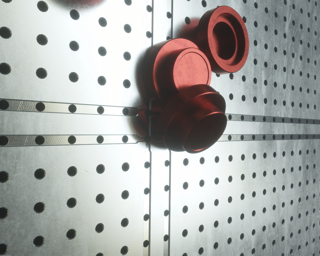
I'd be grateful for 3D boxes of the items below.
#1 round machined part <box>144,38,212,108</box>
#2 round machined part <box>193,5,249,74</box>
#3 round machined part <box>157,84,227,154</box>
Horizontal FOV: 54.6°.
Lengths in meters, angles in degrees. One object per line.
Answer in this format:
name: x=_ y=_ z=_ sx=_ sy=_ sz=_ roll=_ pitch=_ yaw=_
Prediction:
round machined part: x=0.031 y=-0.071 z=0.417 sx=0.099 sy=0.042 sz=0.097 roll=-5 pitch=98 yaw=-36
round machined part: x=0.089 y=-0.130 z=0.471 sx=0.099 sy=0.042 sz=0.097 roll=0 pitch=90 yaw=-40
round machined part: x=0.048 y=-0.005 z=0.405 sx=0.099 sy=0.042 sz=0.097 roll=-23 pitch=140 yaw=-21
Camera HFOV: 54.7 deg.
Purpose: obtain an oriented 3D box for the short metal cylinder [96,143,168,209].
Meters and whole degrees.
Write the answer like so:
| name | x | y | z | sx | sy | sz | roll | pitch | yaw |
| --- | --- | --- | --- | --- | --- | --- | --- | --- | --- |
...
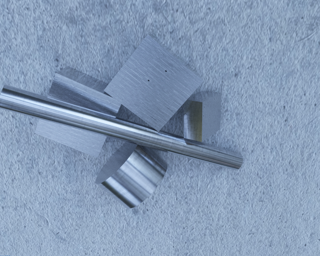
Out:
| name | x | y | z | sx | sy | sz | roll | pitch | yaw |
| --- | --- | --- | --- | --- | --- | --- | --- | --- | --- |
| short metal cylinder | -0.037 | 0.056 | 0.401 | 0.080 | 0.080 | 0.050 | -42 | 105 | 14 |

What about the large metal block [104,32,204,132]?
| name | x | y | z | sx | sy | sz | roll | pitch | yaw |
| --- | --- | --- | --- | --- | --- | --- | --- | --- | --- |
| large metal block | -0.007 | -0.057 | 0.374 | 0.080 | 0.050 | 0.080 | 38 | 106 | -13 |

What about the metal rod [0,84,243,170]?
| name | x | y | z | sx | sy | sz | roll | pitch | yaw |
| --- | --- | --- | --- | --- | --- | --- | --- | --- | --- |
| metal rod | -0.026 | 0.007 | 0.370 | 0.302 | 0.025 | 0.025 | 16 | 110 | -24 |

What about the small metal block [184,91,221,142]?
| name | x | y | z | sx | sy | sz | roll | pitch | yaw |
| --- | --- | --- | --- | --- | --- | --- | --- | --- | --- |
| small metal block | 0.054 | -0.016 | 0.390 | 0.025 | 0.050 | 0.050 | 12 | 115 | 34 |

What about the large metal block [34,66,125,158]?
| name | x | y | z | sx | sy | sz | roll | pitch | yaw |
| --- | --- | --- | --- | --- | --- | --- | --- | --- | --- |
| large metal block | -0.097 | -0.021 | 0.389 | 0.080 | 0.050 | 0.080 | 24 | 108 | -9 |
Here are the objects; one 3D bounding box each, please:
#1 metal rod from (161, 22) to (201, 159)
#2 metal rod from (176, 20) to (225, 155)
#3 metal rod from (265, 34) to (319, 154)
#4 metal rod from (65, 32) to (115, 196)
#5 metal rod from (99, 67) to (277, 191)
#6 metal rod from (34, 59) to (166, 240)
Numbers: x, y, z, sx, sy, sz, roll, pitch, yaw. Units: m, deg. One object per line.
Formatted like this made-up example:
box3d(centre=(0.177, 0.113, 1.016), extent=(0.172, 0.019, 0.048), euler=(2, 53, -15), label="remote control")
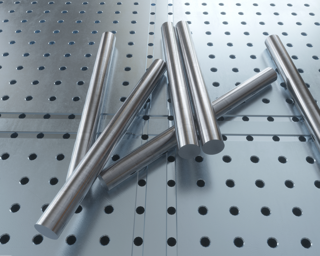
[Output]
box3d(centre=(0.023, -0.077, 0.451), extent=(0.025, 0.025, 0.300), euler=(-3, 44, -2), label="metal rod")
box3d(centre=(0.050, -0.081, 0.453), extent=(0.025, 0.025, 0.300), euler=(-3, 43, -2), label="metal rod")
box3d(centre=(0.205, -0.036, 0.439), extent=(0.025, 0.025, 0.300), euler=(-3, 50, -3), label="metal rod")
box3d(centre=(-0.092, -0.042, 0.442), extent=(0.025, 0.025, 0.300), euler=(1, 50, 1), label="metal rod")
box3d(centre=(0.052, -0.010, 0.416), extent=(0.302, 0.025, 0.025), euler=(-31, 57, -24), label="metal rod")
box3d(centre=(-0.053, -0.001, 0.389), extent=(0.025, 0.025, 0.301), euler=(16, 46, 13), label="metal rod")
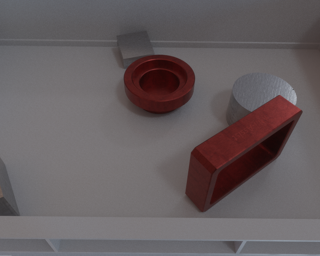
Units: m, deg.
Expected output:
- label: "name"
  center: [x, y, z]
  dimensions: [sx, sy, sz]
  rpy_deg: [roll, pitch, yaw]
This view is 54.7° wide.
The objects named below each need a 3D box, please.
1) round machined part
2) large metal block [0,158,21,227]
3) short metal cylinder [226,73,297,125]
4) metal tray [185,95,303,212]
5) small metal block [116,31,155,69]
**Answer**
- label: "round machined part"
  center: [-0.001, -0.058, 0.443]
  dimensions: [0.099, 0.042, 0.098]
  rpy_deg: [0, 50, 0]
- label: "large metal block"
  center: [-0.206, 0.070, 0.327]
  dimensions: [0.081, 0.050, 0.080]
  rpy_deg: [-23, 54, -19]
- label: "short metal cylinder"
  center: [0.133, -0.029, 0.415]
  dimensions: [0.081, 0.050, 0.080]
  rpy_deg: [0, 50, 0]
- label: "metal tray"
  center: [0.090, 0.028, 0.340]
  dimensions: [0.131, 0.089, 0.030]
  rpy_deg: [-29, 56, -23]
- label: "small metal block"
  center: [-0.040, -0.128, 0.505]
  dimensions: [0.050, 0.025, 0.050]
  rpy_deg: [-13, 64, -11]
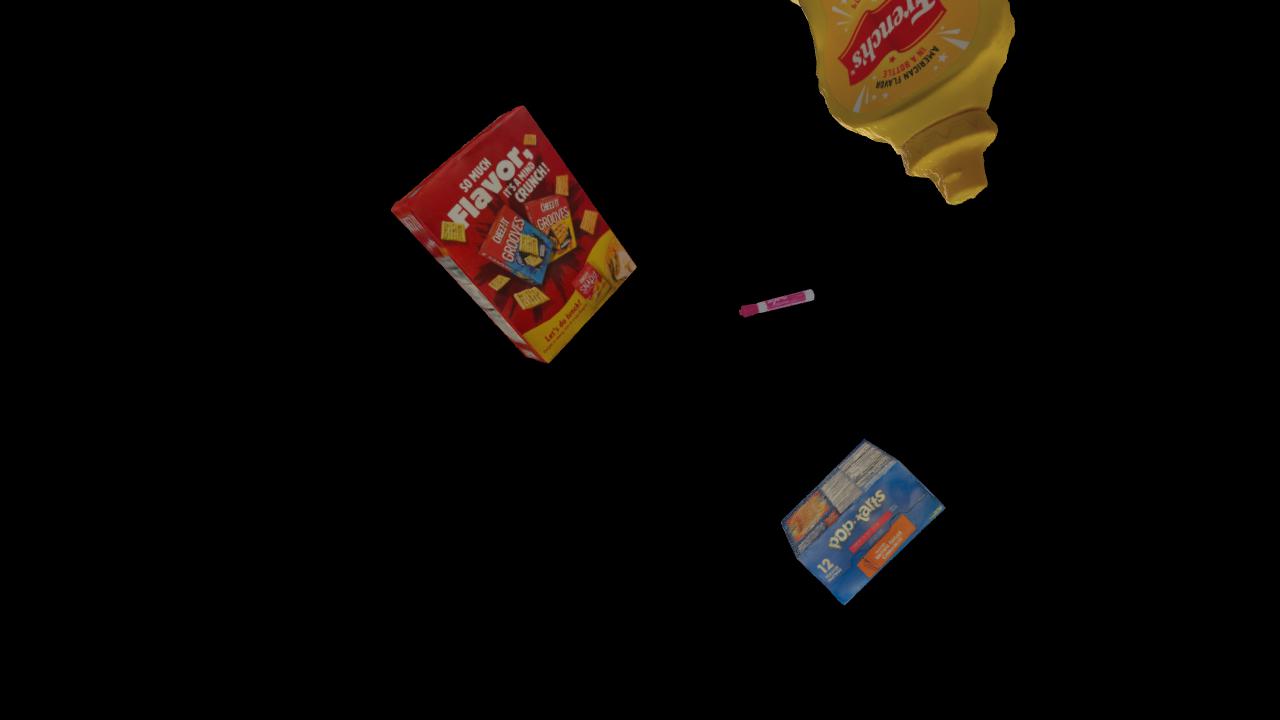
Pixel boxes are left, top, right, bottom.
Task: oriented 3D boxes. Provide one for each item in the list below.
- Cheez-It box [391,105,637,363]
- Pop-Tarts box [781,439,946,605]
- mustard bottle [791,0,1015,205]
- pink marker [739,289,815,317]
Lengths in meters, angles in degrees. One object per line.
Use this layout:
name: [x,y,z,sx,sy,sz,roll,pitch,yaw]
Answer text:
Cheez-It box: [-0.128,-0.131,0.675,0.071,0.166,0.223,11,-35,54]
Pop-Tarts box: [0.273,0.198,0.780,0.083,0.167,0.141,43,5,2]
mustard bottle: [0.132,-0.165,0.310,0.092,0.184,0.054,-23,-8,34]
pink marker: [0.213,-0.088,0.962,0.121,0.020,0.020,-14,2,-6]
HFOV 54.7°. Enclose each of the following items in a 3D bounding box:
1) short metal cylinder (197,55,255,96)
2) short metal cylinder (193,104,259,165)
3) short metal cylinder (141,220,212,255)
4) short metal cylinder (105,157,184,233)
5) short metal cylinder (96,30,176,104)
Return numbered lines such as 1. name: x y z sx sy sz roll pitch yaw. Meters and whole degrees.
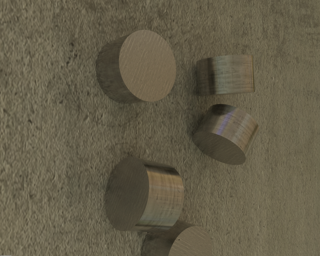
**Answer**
1. short metal cylinder: 0.094 -0.074 0.448 0.081 0.080 0.050 -7 95 -40
2. short metal cylinder: 0.095 0.010 0.448 0.080 0.080 0.050 46 62 -30
3. short metal cylinder: 0.023 0.164 0.408 0.081 0.050 0.080 0 90 -40
4. short metal cylinder: -0.019 0.076 0.353 0.050 0.080 0.080 18 78 -39
5. short metal cylinder: -0.028 -0.069 0.365 0.081 0.050 0.080 0 90 -40
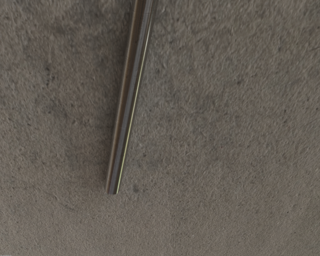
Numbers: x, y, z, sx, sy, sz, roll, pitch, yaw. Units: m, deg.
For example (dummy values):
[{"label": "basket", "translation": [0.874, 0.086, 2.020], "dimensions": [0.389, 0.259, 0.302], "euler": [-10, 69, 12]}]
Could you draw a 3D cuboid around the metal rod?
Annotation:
[{"label": "metal rod", "translation": [-0.044, -0.017, 0.392], "dimensions": [0.025, 0.025, 0.298], "euler": [9, 130, -8]}]

_ABOUT THIS TASK:_ Across all of the material above, how many lines contain the word "example"? Only the number should be given.

_YOUR SOLUTION:_ 2